There are some key principles of gestalt systems like emergence, reification, multistability and invariance. Do any neuronal models exist to explain these properties?
I agree, lateral inhibition is good for contrast strengthening or edge detection but there are many more effects in Gestalt psychology like proximity, similarity, closure, symmetry and many more. See: http://en.wikipedia.org/wiki/Gestalt_psychology
Pieter R. Roelfsema addresses many of these issues in "Cortical Algorithms for
Perceptual Grouping" in Annual Review of Neuroscience. 2006. 29:203–27.
Also; Micah M. Murray and Christoph S. Herrmann 2013. Illusory contours: a window onto the neurophysiology of constructing perception. Trends in Cognitive Sciences 1–11. http://dx.doi.org/10.1016/j.tics.2013.07.004
Also:
Charles D. Gilbert1,* and Wu Li 2012. Adult Visual Cortical Plasticity. Neuron 75, 250-264.
This paper might also be useful:
M. Saifullah • C. Balkenius. A. Jonsson. 2014. A biologically based model for recognition of 2-D occluded patterns. Cogn Process. 15:13–28
Some of this research deals with proximity, similarity, closure etc., in terms of neural networks in early visual cortex, especially V1 and V2. Hebb's previous research on neurons that fire/wire together go together has been implicated in Gestalt grouping as well as the long range and short range neural interconnections in early visual cortex.
On a more molar level, Feil et al. (2010) describe the exclusivity of sober and intoxicated networks in addiction.
Feil, J,, Sheppard, D., Fitzgerald, P. B., Yücelc M., Lubman, D. I., & Bradshaw, J. L. (2010).Addiction, compulsive drug seeking, and the role of frontostriatal mechanisms in regulating inhibitory control. Neuroscience and Biobehavioral Reviews 35 248–275.
The utility of neuronal models applied to Gestalt psychology can be most readily apparent in study of visual perception. In particular, Ecological psychology models that place the human actor within his environmental niche - addressing all that implies, both experientially and behaviorally - offer a natural context by which to theorize how a rich visual Gestalt can guide the human actor. J.J. Gibson was particularly helpful in providing a theoretical vision of this human ecological psychological system, inferring that it was the information embodied in the visual environmental array - and not sensations tied to neuronal functioning - being used by the human to guide behavior.

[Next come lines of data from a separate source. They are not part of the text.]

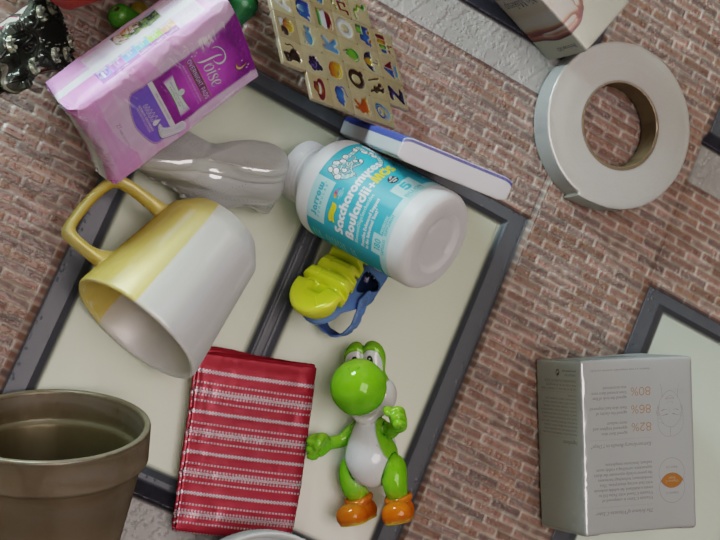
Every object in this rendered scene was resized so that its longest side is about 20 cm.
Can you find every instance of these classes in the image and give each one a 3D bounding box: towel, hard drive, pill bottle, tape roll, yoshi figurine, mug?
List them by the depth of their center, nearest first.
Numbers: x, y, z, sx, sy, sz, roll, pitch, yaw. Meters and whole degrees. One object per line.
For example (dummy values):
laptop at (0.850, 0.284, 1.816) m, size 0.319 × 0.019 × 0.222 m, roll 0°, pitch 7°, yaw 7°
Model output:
mug at (-0.194, -0.006, 1.635) m, size 0.153 × 0.149 × 0.187 m, roll -51°, pitch 131°, yaw -23°
pill bottle at (0.008, -0.069, 1.692) m, size 0.111 × 0.200 × 0.111 m, roll -34°, pitch 139°, yaw -36°
hard drive at (0.067, -0.123, 1.715) m, size 0.132 × 0.200 × 0.025 m, roll 21°, pitch 94°, yaw -21°
towel at (-0.126, 0.189, 1.727) m, size 0.144 × 0.022 × 0.201 m, roll 9°, pitch 87°, yaw -24°
yoshi figurine at (0.003, 0.178, 1.732) m, size 0.112 × 0.112 × 0.201 m, roll -5°, pitch 89°, yaw -23°
tape roll at (0.301, -0.171, 1.902) m, size 0.202 × 0.037 × 0.204 m, roll 1°, pitch 88°, yaw -23°

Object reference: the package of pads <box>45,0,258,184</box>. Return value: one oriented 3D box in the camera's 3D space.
package of pads at (-0.205, -0.191, 1.597) m, size 0.200 × 0.076 × 0.121 m, roll -38°, pitch 144°, yaw -12°

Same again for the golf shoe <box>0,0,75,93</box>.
golf shoe at (-0.347, -0.221, 1.577) m, size 0.088 × 0.200 × 0.077 m, roll -14°, pitch 105°, yaw 16°

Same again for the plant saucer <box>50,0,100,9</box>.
plant saucer at (-0.258, -0.338, 1.617) m, size 0.199 × 0.200 × 0.037 m, roll -21°, pitch 137°, yaw -21°

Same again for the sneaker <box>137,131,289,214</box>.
sneaker at (-0.180, -0.099, 1.690) m, size 0.199 × 0.075 × 0.089 m, roll 11°, pitch 129°, yaw -8°

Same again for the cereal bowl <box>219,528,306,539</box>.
cereal bowl at (-0.115, 0.372, 1.694) m, size 0.199 × 0.083 × 0.201 m, roll 0°, pitch 89°, yaw -23°

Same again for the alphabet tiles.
alphabet tiles at (-0.024, -0.238, 1.718) m, size 0.200 × 0.006 × 0.167 m, roll 15°, pitch 54°, yaw -46°

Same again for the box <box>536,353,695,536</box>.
box at (0.297, 0.200, 1.855) m, size 0.152 × 0.106 × 0.201 m, roll 0°, pitch 89°, yaw -23°

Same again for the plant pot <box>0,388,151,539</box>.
plant pot at (-0.310, 0.231, 1.574) m, size 0.199 × 0.200 × 0.174 m, roll -2°, pitch 106°, yaw -22°

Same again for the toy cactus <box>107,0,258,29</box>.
toy cactus at (-0.161, -0.270, 1.692) m, size 0.200 × 0.102 × 0.166 m, roll -27°, pitch 109°, yaw -29°

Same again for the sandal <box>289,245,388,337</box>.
sandal at (0.000, 0.000, 1.764) m, size 0.200 × 0.079 × 0.087 m, roll -43°, pitch 142°, yaw -25°

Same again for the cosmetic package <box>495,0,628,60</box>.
cosmetic package at (0.198, -0.346, 1.828) m, size 0.200 × 0.103 × 0.087 m, roll 44°, pitch 76°, yaw -14°

In parallel, the work of Karl Pribram on neural networks led to many similar conclusions, albeit from the biological psychology perspective. His contributions to understanding neural function spanned the vast expanse of mental and behavioral function, providing much insight to brain function from micro to macro levels. His late work described neural functioning from the network perspective, again highlighting that the information embodied within the dendritic webs, and the inherent algorythmic activity of those webs, provided essentially holographic storage of information to be used by the human actor.
I would add that the tendancy to address Gestalt phenomena as tidbits of perception and illusions that can be made to play visual tricks, using localized neuronal eleectrochemical interactions, are likely to miss the main point (found by Lashley back in the fifties). It's not the localized cortical activity (the engram) by which perception can be explained - it's the distributed interplay of afferent and efferent information that resides within the cortical network.